Python 3.1 (r31:73574, Jun 26 2009, 20:21:35) [MSC v.1500 32 bit
(Intel)] on win32
Type "help", "copyright", "credits" or "license" for more information.
>>> class A:
... n = 0
... def __init__(self):
... type(self).n += 1
>>> class B(A):
... pass
>>> A.n, B.n
(0, 0)
>>> (A().n, A.n, B.n), (A().n, A.n, B.n), (B().n, A.n, B.n)
((1, 1, 1), (2, 2, 2), (3, 2, 3))
>>> (A().n, A.n, B.n), (A().n, A.n, B.n), (B().n, A.n, B.n)
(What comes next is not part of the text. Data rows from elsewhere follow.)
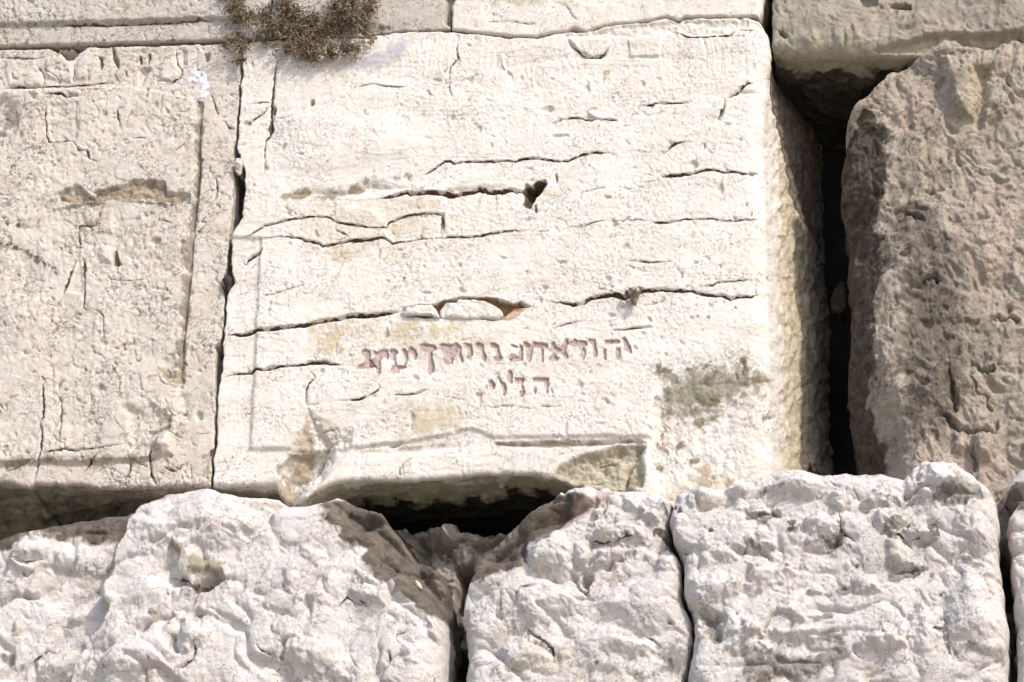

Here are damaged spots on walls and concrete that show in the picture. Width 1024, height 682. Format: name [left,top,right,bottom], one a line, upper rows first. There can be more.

crack [245,102,683,263]
crack [626,169,761,189]
crack [573,218,756,227]
crack [553,261,757,329]
crack [228,311,398,337]
leakage [740,356,771,385]
leakage [677,365,720,426]

((3, 3, 3), (4, 4, 3), (4, 4, 4))
>>> (A().n, A.n, B.n), (A().n, A.n, B.n), (B().n, A.n, B.n)
((5, 5, 4), (6, 6, 4), (5, 6, 5))
This makes no sense to me at all. Could it possibly be a bug?
> I've just found out that a subclass shares the class variables
String variables are strings.
Int variables are ints.
Float variables are floats.
List variables are lists.
Class variables are classes.
Classes are first-class objects in Python. Perhaps you mean class
attributes?
> of its
> superclass until it's instantiated for the first time, but not any more
> afterwards:
...
> This makes no sense to me at all. Could it possibly be a bug?
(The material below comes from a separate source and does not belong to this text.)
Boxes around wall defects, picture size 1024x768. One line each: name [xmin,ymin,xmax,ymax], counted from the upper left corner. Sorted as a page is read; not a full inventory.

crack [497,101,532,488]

You have misinterpreted what you have seen, and if there's a bug, it's in
your code.
When you retrieve an attribute, Python first looks for instance
attributes, then class attributes, then attributes attached to
superclasses.
When you assign to an attribute, Python conceptually uses the exact same
"search path", except that instance assignment always succeeds.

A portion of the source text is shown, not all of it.